• _What is required_: Retype, please, the listing from its opening line through the line that contains "Lens: 54.6° across the image width.", both included, without the pictures.

• _The data_:
- - -

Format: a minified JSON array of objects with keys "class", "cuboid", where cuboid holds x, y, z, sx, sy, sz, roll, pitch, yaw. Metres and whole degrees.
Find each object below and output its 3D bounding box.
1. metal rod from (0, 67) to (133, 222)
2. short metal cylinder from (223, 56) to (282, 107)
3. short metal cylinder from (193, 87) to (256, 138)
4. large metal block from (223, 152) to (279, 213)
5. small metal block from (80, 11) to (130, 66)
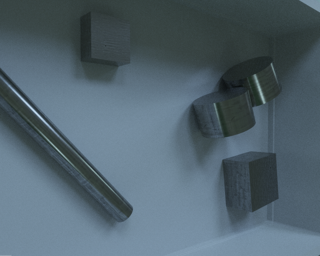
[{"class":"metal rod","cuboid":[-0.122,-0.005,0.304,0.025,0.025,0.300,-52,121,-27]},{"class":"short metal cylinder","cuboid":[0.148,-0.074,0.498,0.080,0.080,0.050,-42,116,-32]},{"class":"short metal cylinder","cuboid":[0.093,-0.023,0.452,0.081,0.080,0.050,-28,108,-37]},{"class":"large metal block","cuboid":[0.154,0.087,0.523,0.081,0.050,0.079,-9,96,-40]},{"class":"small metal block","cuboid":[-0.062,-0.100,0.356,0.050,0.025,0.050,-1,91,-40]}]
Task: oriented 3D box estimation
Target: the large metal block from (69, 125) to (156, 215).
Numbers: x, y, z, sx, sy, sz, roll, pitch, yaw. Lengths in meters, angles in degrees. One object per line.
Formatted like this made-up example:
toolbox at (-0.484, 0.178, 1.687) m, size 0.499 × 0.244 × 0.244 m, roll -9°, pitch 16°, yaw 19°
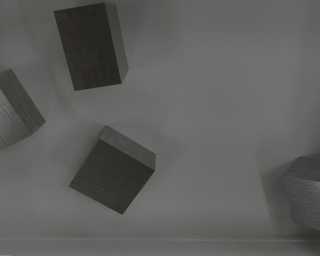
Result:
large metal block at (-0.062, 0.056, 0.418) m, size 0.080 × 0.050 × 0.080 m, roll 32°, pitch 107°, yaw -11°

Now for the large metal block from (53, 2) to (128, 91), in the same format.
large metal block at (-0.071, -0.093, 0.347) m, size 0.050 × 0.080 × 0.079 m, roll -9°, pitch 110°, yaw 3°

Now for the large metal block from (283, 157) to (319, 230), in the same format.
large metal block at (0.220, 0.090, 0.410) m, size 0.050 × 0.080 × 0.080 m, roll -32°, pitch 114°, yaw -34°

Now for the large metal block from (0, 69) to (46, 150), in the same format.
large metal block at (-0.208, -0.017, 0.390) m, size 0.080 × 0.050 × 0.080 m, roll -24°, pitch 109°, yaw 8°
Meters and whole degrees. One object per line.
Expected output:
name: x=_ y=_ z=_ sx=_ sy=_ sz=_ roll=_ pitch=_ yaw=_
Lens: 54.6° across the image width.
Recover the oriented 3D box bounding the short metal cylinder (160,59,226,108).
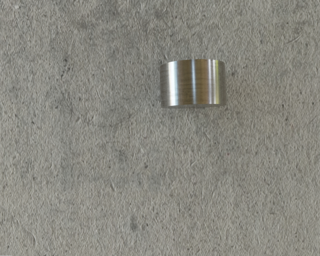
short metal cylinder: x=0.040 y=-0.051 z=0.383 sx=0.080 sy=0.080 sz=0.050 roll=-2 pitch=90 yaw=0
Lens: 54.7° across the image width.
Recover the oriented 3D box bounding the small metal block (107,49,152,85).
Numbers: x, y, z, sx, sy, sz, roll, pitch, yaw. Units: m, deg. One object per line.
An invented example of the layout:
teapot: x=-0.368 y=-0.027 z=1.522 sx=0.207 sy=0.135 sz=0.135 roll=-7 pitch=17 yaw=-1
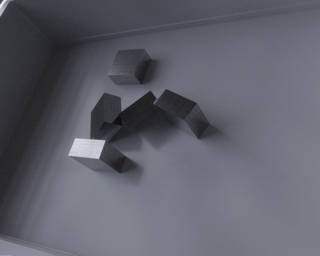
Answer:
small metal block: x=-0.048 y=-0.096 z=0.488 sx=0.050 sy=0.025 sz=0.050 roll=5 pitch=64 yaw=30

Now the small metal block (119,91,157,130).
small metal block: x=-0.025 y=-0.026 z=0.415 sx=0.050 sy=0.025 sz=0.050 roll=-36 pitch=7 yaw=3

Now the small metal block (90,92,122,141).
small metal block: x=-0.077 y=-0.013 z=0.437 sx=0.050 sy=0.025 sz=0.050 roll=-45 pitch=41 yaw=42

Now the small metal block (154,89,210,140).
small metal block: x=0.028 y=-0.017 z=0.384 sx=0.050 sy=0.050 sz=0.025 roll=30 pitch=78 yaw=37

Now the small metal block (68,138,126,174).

- - -

• _Response to the task_:
Format: a minified JSON array of objects with keys "class", "cuboid", where cuboid holds x, y, z, sx, sy, sz, roll, pitch, yaw. Metres and whole degrees.
Find each object below and output its 3D bounding box.
1. metal rod from (0, 67) to (133, 222)
2. short metal cylinder from (223, 56) to (282, 107)
3. short metal cylinder from (193, 87) to (256, 138)
4. large metal block from (223, 152) to (279, 213)
5. small metal block from (80, 11) to (130, 66)
[{"class":"metal rod","cuboid":[-0.122,-0.005,0.304,0.025,0.025,0.300,-52,121,-27]},{"class":"short metal cylinder","cuboid":[0.148,-0.074,0.498,0.080,0.080,0.050,-42,116,-32]},{"class":"short metal cylinder","cuboid":[0.093,-0.023,0.452,0.081,0.080,0.050,-28,108,-37]},{"class":"large metal block","cuboid":[0.154,0.087,0.523,0.081,0.050,0.079,-9,96,-40]},{"class":"small metal block","cuboid":[-0.062,-0.100,0.356,0.050,0.025,0.050,-1,91,-40]}]
Task: oriented 3D box estimation
Target: the large metal block from (69, 125) to (156, 215).
Numbers: x, y, z, sx, sy, sz, roll, pitch, yaw. Lengths in meters, angles in degrees. One object per line.
Formatted like this made-up example:
toolbox at (-0.484, 0.178, 1.687) m, size 0.499 × 0.244 × 0.244 m, roll -9°, pitch 16°, yaw 19°
Result:
large metal block at (-0.062, 0.056, 0.418) m, size 0.080 × 0.050 × 0.080 m, roll 32°, pitch 107°, yaw -11°

Now for the large metal block from (53, 2) to (128, 91), in the same format.
large metal block at (-0.071, -0.093, 0.347) m, size 0.050 × 0.080 × 0.079 m, roll -9°, pitch 110°, yaw 3°

Now for the large metal block from (283, 157) to (319, 230), in the same format.
large metal block at (0.220, 0.090, 0.410) m, size 0.050 × 0.080 × 0.080 m, roll -32°, pitch 114°, yaw -34°

Now for the large metal block from (0, 69) to (46, 150), in the same format.
large metal block at (-0.208, -0.017, 0.390) m, size 0.080 × 0.050 × 0.080 m, roll -24°, pitch 109°, yaw 8°
Meters and whole degrees. One object per line.
Expected output:
name: x=_ y=_ z=_ sx=_ sy=_ sz=_ roll=_ pitch=_ yaw=_
Lens: 54.6° across the image width.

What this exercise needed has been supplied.